Kerr also pointed out the “eco friendly” nature of the boats, constructed of carved wood and twine, and which use sail power supplemented by solar-powered motors for harbor navigation. Their food would consist of a great deal (they hoped) of caught fish, plus canned and dried goods plus locally-produced organic food. They intended, said Dieter Paulmann, filming the voyage for a documentary, to “map their way in the wake of their ancestors, using the stars, sun, wind, and wildlife as their guides.” The plan was to reach Hawaii by early June where the crews would attend the Kava Bowl Summit 2011 for discussions with scientists, media, political and corporate leaders to create ways to move toward the sustainable use of the ocean’s resources. Then it was on to San Francisco for another ocean conference on Treasure Island, with the return via numerous other Pacific islands, and the 11th Pacific Arts Festival on the Solomon Islands in 2012.

By the time we saw them in Bolinas, the wakas had already labored through the Pacific gyre where a revolting “continent” of plastic debris has taken up residence (see my June 6, 2008, blog, “Plastics etc.”). They had been through storms and food deprivation, as well as space deprivation (16 crew members on each 22-foot craft don’t have much space). But they were clear about their mission. The voyage was a kind of dress rehearsal for what humans were going to have to do on a larger scale:
adapt to dwindling natural resources. Here are a few entries from their website--http://www.pacificvoyagers.org/-- blogs:

After a few minutes of deep breathing and relaxing my mind I got the image of a whale’s tail in my head.
It slapped the water.
“Listen.
Listen to the breathing of the tides and know that all the world beats with one heart, breathes with one breath.
I started getting distracted by the music and noise behind me.
Slap, slap, slap.
“Listen, listen, listen!
You (humanity, the waka crews, us as individuals) have a special place.
You are the Key….
We do have a special place. It is by our hand that the world and the creatures in it will live or die….
We’ve been becalmed for two days and for two days we’ve been surrounded by all the Life in the sea. Well, seals, dolphins and whales, lots of them. Last night the seals were coming in like aquabats (acrobats with a speech impediment) zigzagging in formation thru the phosphorescence leaving trails of stars behind them. They’ve scared the girls by popping up beside the canoe and barking loudly. They’ve entertained us with their showing off, leaping and jumping, one even going so far as climbing on board the Samoan canoe and sitting on the bow doing nothing and barking at the captain whenever he talked to it (just like the rest of the crew so he tells me)….
And if we hadn’t been halted by the wind we would’ve missed it all. We would’ve zoomed on thru as we do for most of lives, distracted by the music and the white noise of the modern world and really just missing the point.
“Listen, listen, listen!”

and another:
We were told today in an email (thank you Shantparv) that our entry has coincided perfectly with a phase described in the Mayan calendar wherein a great unfolding of consciousness is seen for the first time. I’m all for that! I think a great unfolding of consciousness is somewhat overdue. I think our consciousness has been folded for a very long time. It’s time to take out the creases and realise we’re all on the same page! The healing of the planet will by necessity include the healing of ourselves. We are all essentially the same. We experience all the same stuff in human terms. The words we use to describe Life, the Universe and Everything don’t really matter.

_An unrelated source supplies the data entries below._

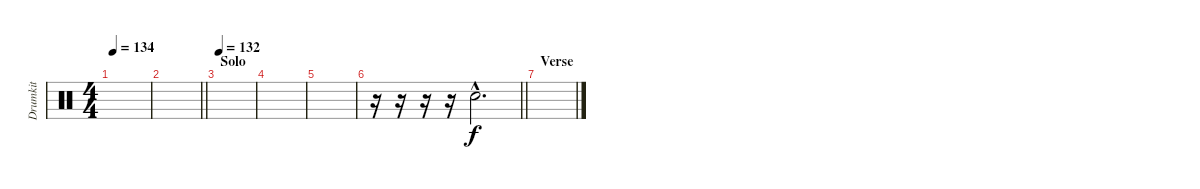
\track ("Drumkit" "Drumkit") {instrument percussion}
\staff {score}
\articulation defaults
\ts (4 4)
\tempo 134
\clef neutral
\ks c
|
\barLineRight lightlight
|
\section ("" "Solo")
\tempo 132
|
|
|
\barLineRight lightlight
r.16 r.16 r.16 r.16 "Snare (hit) 2"{hac}.2{d} |
\section ("" "Verse")
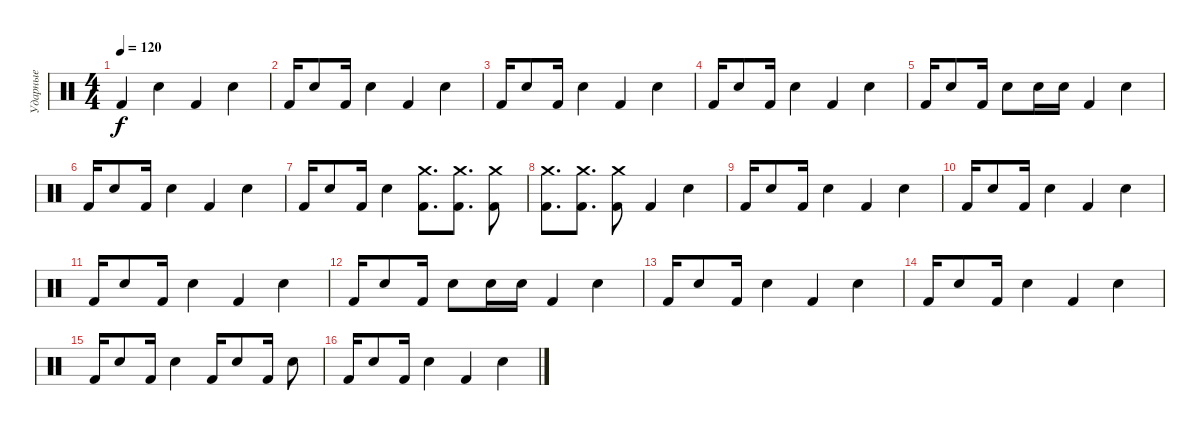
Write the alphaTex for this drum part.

\track ("Ударные" "Ударные") {instrument percussion}
\staff {score}
\articulation defaults
\ts (4 4)
\tempo 120
\clef neutral
\ks c "Kick (hit) 2".4{dy f} "Snare (hit) 2".4 "Kick (hit) 2".4 "Snare (hit) 2".4
|
"Kick (hit) 2".16 "Snare (hit) 2".8 "Kick (hit) 2".16 "Snare (hit) 2".4 "Kick (hit) 2".4 "Snare (hit) 2".4 |
"Kick (hit) 2".16 "Snare (hit) 2".8 "Kick (hit) 2".16 "Snare (hit) 2".4 "Kick (hit) 2".4 "Snare (hit) 2".4 |
"Kick (hit) 2".16 "Snare (hit) 2".8 "Kick (hit) 2".16 "Snare (hit) 2".4 "Kick (hit) 2".4 "Snare (hit) 2".4 |
"Kick (hit) 2".16 "Snare (hit) 2".8 "Kick (hit) 2".16 "Snare (hit) 2".8 "Snare (hit) 2".16 "Snare (hit) 2".16 "Kick (hit) 2".4 "Snare (hit) 2".4 |
"Kick (hit) 2".16 "Snare (hit) 2".8 "Kick (hit) 2".16 "Snare (hit) 2".4 "Kick (hit) 2".4 "Snare (hit) 2".4 |
"Kick (hit) 2".16 "Snare (hit) 2".8 "Kick (hit) 2".16 "Snare (hit) 2".4 ("Crash medium (hit)" "Kick (hit) 2").8{d} ("Crash medium (hit)" "Kick (hit) 2").8{d} ("Crash medium (hit)" "Kick (hit) 2").8 |
("Crash medium (hit)" "Kick (hit) 2").8{d} ("Crash medium (hit)" "Kick (hit) 2").8{d} ("Crash medium (hit)" "Kick (hit) 2").8 "Kick (hit) 2".4 "Snare (hit) 2".4 |
"Kick (hit) 2".16 "Snare (hit) 2".8 "Kick (hit) 2".16 "Snare (hit) 2".4 "Kick (hit) 2".4 "Snare (hit) 2".4 |
"Kick (hit) 2".16 "Snare (hit) 2".8 "Kick (hit) 2".16 "Snare (hit) 2".4 "Kick (hit) 2".4 "Snare (hit) 2".4 |
"Kick (hit) 2".16 "Snare (hit) 2".8 "Kick (hit) 2".16 "Snare (hit) 2".4 "Kick (hit) 2".4 "Snare (hit) 2".4 |
"Kick (hit) 2".16 "Snare (hit) 2".8 "Kick (hit) 2".16 "Snare (hit) 2".8 "Snare (hit) 2".16 "Snare (hit) 2".16 "Kick (hit) 2".4 "Snare (hit) 2".4 |
"Kick (hit) 2".16 "Snare (hit) 2".8 "Kick (hit) 2".16 "Snare (hit) 2".4 "Kick (hit) 2".4 "Snare (hit) 2".4 |
"Kick (hit) 2".16 "Snare (hit) 2".8 "Kick (hit) 2".16 "Snare (hit) 2".4 "Kick (hit) 2".4 "Snare (hit) 2".4 |
"Kick (hit) 2".16 "Snare (hit) 2".8 "Kick (hit) 2".16 "Snare (hit) 2".4 "Kick (hit) 2".16 "Snare (hit) 2".8 "Kick (hit) 2".16 "Snare (hit) 2".8 |
"Kick (hit) 2".16 "Snare (hit) 2".8 "Kick (hit) 2".16 "Snare (hit) 2".4 "Kick (hit) 2".4 "Snare (hit) 2".4
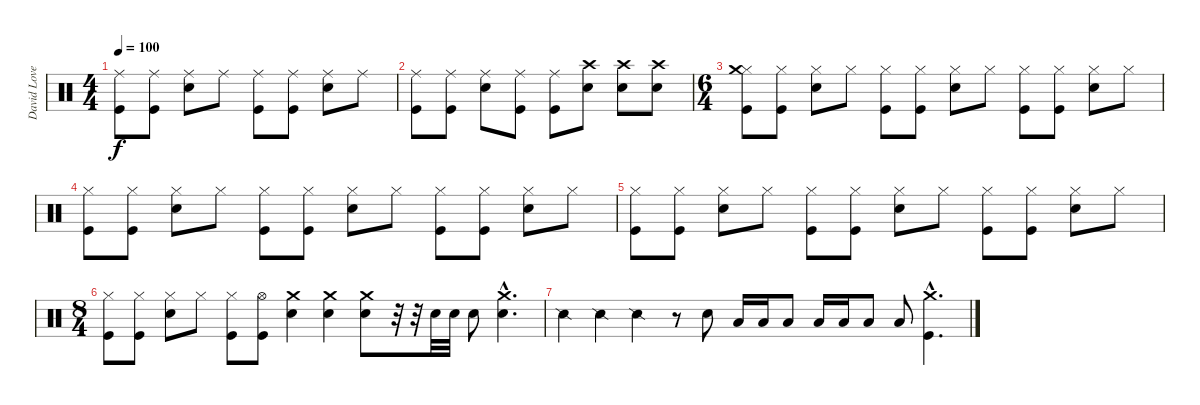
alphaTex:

\track ("David Lovering" "David Love") {instrument percussion}
\staff {score}
\articulation defaults
\ts (4 4)
\tempo 100
\clef neutral
\ks c
("Ride (middle)" "Kick (hit)").8{dy f} ("Ride (middle)" "Kick (hit)").8 ("Ride (middle)" "Snare (hit) 2").8 "Ride (middle)".8 ("Ride (middle)" "Kick (hit)").8 ("Ride (middle)" "Kick (hit)").8 ("Ride (middle)" "Snare (hit) 2").8 "Ride (middle)".8 |
("Ride (middle)" "Kick (hit)").8 ("Ride (middle)" "Kick (hit)").8 ("Ride (middle)" "Snare (hit) 2").8 ("Ride (middle)" "Kick (hit)").8 ("Ride (middle)" "Kick (hit)").8 ("Crash high (hit)" "Snare (hit) 2").8 ("Crash high (hit)" "Snare (hit) 2").8 ("Crash high (hit)" "Snare (hit) 2").8 |
\ts (6 4)
\section ("" "")
("Hi-Hat (closed)" "Crash medium (hit)" "Kick (hit)").8 ("Hi-Hat (closed)" "Kick (hit)").8 ("Hi-Hat (closed)" "Snare (hit) 2").8 "Hi-Hat (closed)".8 ("Hi-Hat (closed)" "Kick (hit)").8 ("Hi-Hat (closed)" "Kick (hit)").8 ("Hi-Hat (closed)" "Snare (hit) 2").8 "Hi-Hat (closed)".8 ("Hi-Hat (closed)" "Kick (hit)").8 ("Hi-Hat (closed)" "Kick (hit)").8 ("Hi-Hat (closed)" "Snare (hit) 2").8 "Hi-Hat (closed)".8 |
("Hi-Hat (closed)" "Kick (hit)").8 ("Hi-Hat (closed)" "Kick (hit)").8 ("Hi-Hat (closed)" "Snare (hit) 2").8 "Hi-Hat (closed)".8 ("Hi-Hat (closed)" "Kick (hit)").8 ("Hi-Hat (closed)" "Kick (hit)").8 ("Hi-Hat (closed)" "Snare (hit) 2").8 "Hi-Hat (closed)".8 ("Hi-Hat (closed)" "Kick (hit)").8 ("Hi-Hat (closed)" "Kick (hit)").8 ("Hi-Hat (closed)" "Snare (hit) 2").8 "Hi-Hat (closed)".8 |
("Hi-Hat (closed)" "Kick (hit)").8 ("Hi-Hat (closed)" "Kick (hit)").8 ("Hi-Hat (closed)" "Snare (hit) 2").8 "Hi-Hat (closed)".8 ("Hi-Hat (closed)" "Kick (hit)").8 ("Hi-Hat (closed)" "Kick (hit)").8 ("Hi-Hat (closed)" "Snare (hit) 2").8 "Hi-Hat (closed)".8 ("Hi-Hat (closed)" "Kick (hit)").8 ("Hi-Hat (closed)" "Kick (hit)").8 ("Hi-Hat (closed)" "Snare (hit) 2").8 "Hi-Hat (closed)".8 |
\ts (8 4)
("Hi-Hat (closed)" "Kick (hit)").8 ("Hi-Hat (closed)" "Kick (hit)").8 ("Hi-Hat (closed)" "Snare (hit) 2").8 "Hi-Hat (closed)".8 ("Hi-Hat (closed)" "Kick (hit)").8 ("Hi-Hat (open)" "Kick (hit)").8 ("Crash medium (hit)" "Snare (hit) 2").4 ("Crash medium (hit)" "Snare (hit) 2").4 ("Crash medium (hit)" "Snare (hit) 2").8 r.32 r.32 "Snare (hit) 2".32 "Snare (hit) 2".32 "Snare (hit) 2".8 ("Crash medium (hit)"{hac} "Snare (hit) 2"{hac}).4{d} |
"Snare (side stick) 2".4 "Snare (side stick) 2".4 "Snare (side stick) 2".4 r.8 "Snare (hit) 2".8 "Low Floor Tom (hit)".16 "Low Floor Tom (hit)".16 "Low Floor Tom (hit)".8 "Low Floor Tom (hit)".16 "Low Floor Tom (hit)".16 "Low Floor Tom (hit)".8 "Low Floor Tom (hit)".8 ("Crash medium (hit)"{hac} "Kick (hit)"{hac}).4{d}

Some lovely photos and quite a few videos are available for viewing on the Pacific Voyage website (http://pacificvoyagers.org/). That’s probably the best way to get a sense of the visual impact these boats and their crews make. Indeed, it’s something no one should miss—though I have to admit that seeing them off my own home coast gave it added juice for me. But you can also “join” they voyage by following along online and sending messages to the crew; they truly appreciate the support and the knowledge that someone is paying attention. And hadn’t we all better do that? The time for action is getting very very short.